Metrics

Define and manage evaluation criteria for testing AI responses with LLM-based grading.

What are Metrics? Metrics are quantifiable measurements that evaluate AI behavior and determine if requirements are met.

Metrics at a glance

Metrics are organized by Behaviors, which are atomic expectations you have for the output of your application.

In short: Behaviors define what you expect, metrics measure how well you meet those expectations.

You can add an existing metric to a behavior by clicking the ”+” icon in the top-right corner of the chip on the Metrics Overview page.

Metrics Assign

Using Existing Metrics

The platform includes pre-built metrics from multiple providers:

DeepEval - The LLM Evaluation Framework by Confident AI
DeepTeam - Team-based evaluation framework by Confident AI
Ragas - Supercharge Your LLM Application Evaluations by Exploding Gradients
Rhesis - Custom metrics developed by the Rhesis team

Here are some examples:

Metric Name	Provider	Score Type	Scope	Description
Role Adherence	DeepEval	Numeric	Multi-Turn	Evaluates whether the assistant maintains its assigned role throughout the conversation.
Knowledge Retention	Rhesis	Numeric	Multi-Turn	Measures memory consistency and correct use of information introduced earlier in the conversation.
Answer Accuracy	Ragas	Numeric	Single-Turn	Measures accuracy of the generated answer against ground truth.

Creating Custom Metrics

You can create custom metrics tailored to your specific evaluation needs.

Create Metrics

This section presents what needs to be configured to create a custom metric using a Judge-as-Model appraoch.

1. Evaluation Process

Define how the LLM evaluates responses by providing four key components:

Evaluation Model

Select the Model you want to use for the evaluation.

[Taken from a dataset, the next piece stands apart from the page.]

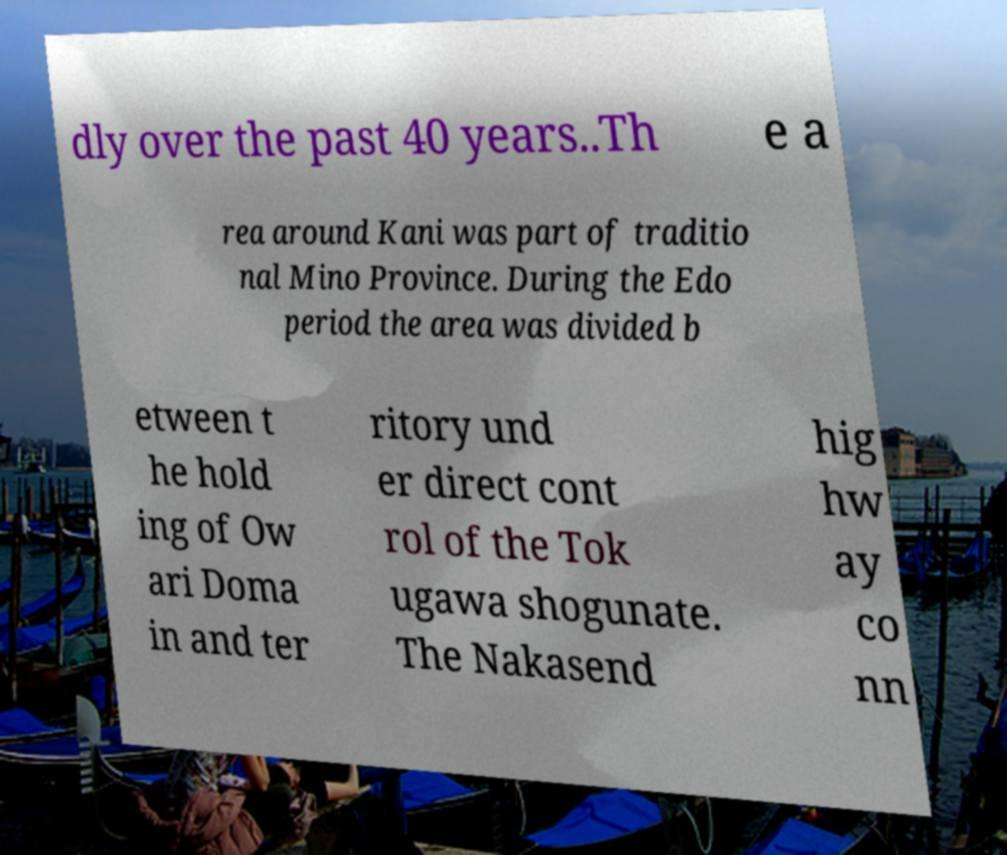There's text embedded in this image that I need extracted. Can you transcribe it verbatim? dly over the past 40 years..Th e a rea around Kani was part of traditio nal Mino Province. During the Edo period the area was divided b etween t he hold ing of Ow ari Doma in and ter ritory und er direct cont rol of the Tok ugawa shogunate. The Nakasend hig hw ay co nn 
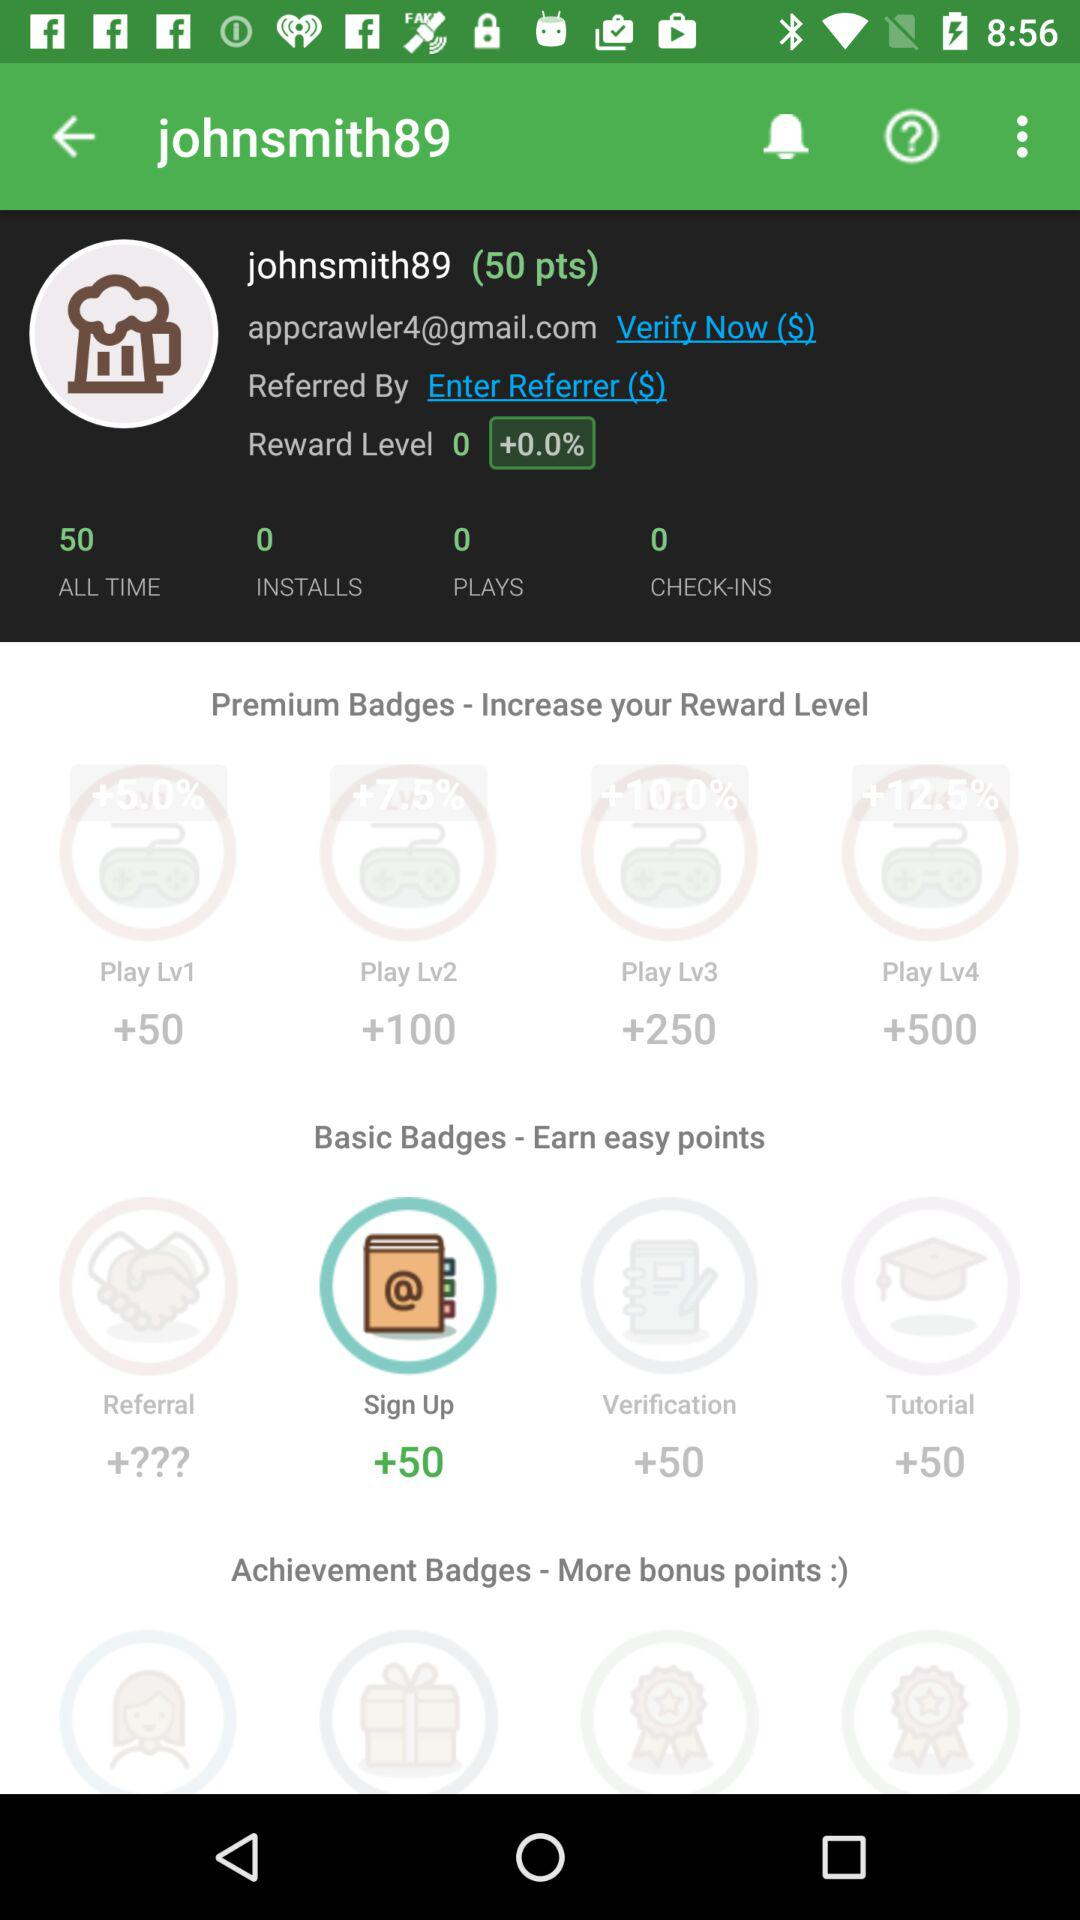How many "pts" are there for a user? The user has 50 "pts".

For more information on how to configure models, see the Models documentation.

Evaluation Prompt

Write clear instructions specifying what to evaluate and the criteria to use.


Example: "Evaluate whether the response is accurate, complete, and relevant.
Use the following criteria: accuracy of facts, coverage of required points,
clarity of explanation."

Evaluation Steps

Break down the evaluation into clear steps. These guide the LLM when producing a score and reasoning.


Example:
1. Check Accuracy: Identify any factual errors or unsupported statements
2. Check Coverage: Determine if all required elements are addressed
3. Check Clarity: Assess whether the response is clear and well-structured

Reasoning Instructions

Explain how to reason about the evaluation and weight different aspects.


Example: "Extract key claims, assess completeness and correctness,
weigh issues by importance, then determine the final score."

Best Practices:

Focus on one evaluation dimension (accuracy, tone, safety, etc.)
Use concrete, measurable criteria
Provide clear examples when possible

Using Metadata in Evaluation

Metrics can evaluate structured metadata returned by your endpoint alongside the text response. This is useful for evaluating aspects that go beyond the output text, such as token usage, latency, model version, confidence scores, or any custom data your API returns.

How it works:

Configure your endpoint’s response mapping to extract a metadata field from the API response (e.g., "metadata": "$.usage")
Reference the metadata in your metric’s Evaluation Prompt — the JSON object will be available to the evaluation model automatically

Example: Evaluating token efficiency

Endpoint response mapping:


\{
  "output": "$.choices[0].message.content",
  "metadata": "$.usage"
\}

Evaluation Prompt:


Evaluate whether the response is efficient in token usage.
Check the metadata for token counts. A response that uses more than
500 tokens for a simple factual question should score lower.
Consider the ratio of useful content to total tokens.

The evaluation model receives the metadata as a JSON object under “Response Metadata” and can reason about its contents when producing a score.

Common metadata use cases:

Token usage — evaluate cost efficiency by checking prompt_tokens and completion_tokens
Confidence scores — verify the model’s self-reported confidence aligns with response quality
Source citations — check that retrieved sources are relevant and properly attributed
Latency or timing — flag responses that took unusually long
Model version — ensure the correct model was used

2. Score Configuration

Choose your scoring approach:

Numeric Scoring

Define a numeric scale with a pass/fail threshold:

Min/Max Score: e.g., 0-10
Threshold: Passing score (e.g., 7)
Operator: >=, >, <=, <, or =

Example: Min 0, Max 10, Threshold ≥7 means scores 7-10 pass, 0-6 fail.

Categorical Scoring

Define custom categories for classification:

Add categories: “Excellent”, “Good”, “Fair”, “Poor”
The LLM classifies responses into one category

Example: “Safe”, “Borderline”, “Unsafe” for safety evaluation.

3. Metric Scope

Select applicable test types (at least one required):

Single-Turn: Individual question-answer pairs
Multi-Turn: Multi-exchange conversations

You can find more information about test types in the Tests Section.

4. Result Explanation

Provide instructions for how the LLM should explain its scoring rationale.


Example: "Explain which specific parts were accurate or inaccurate, citing evidence from the provided context."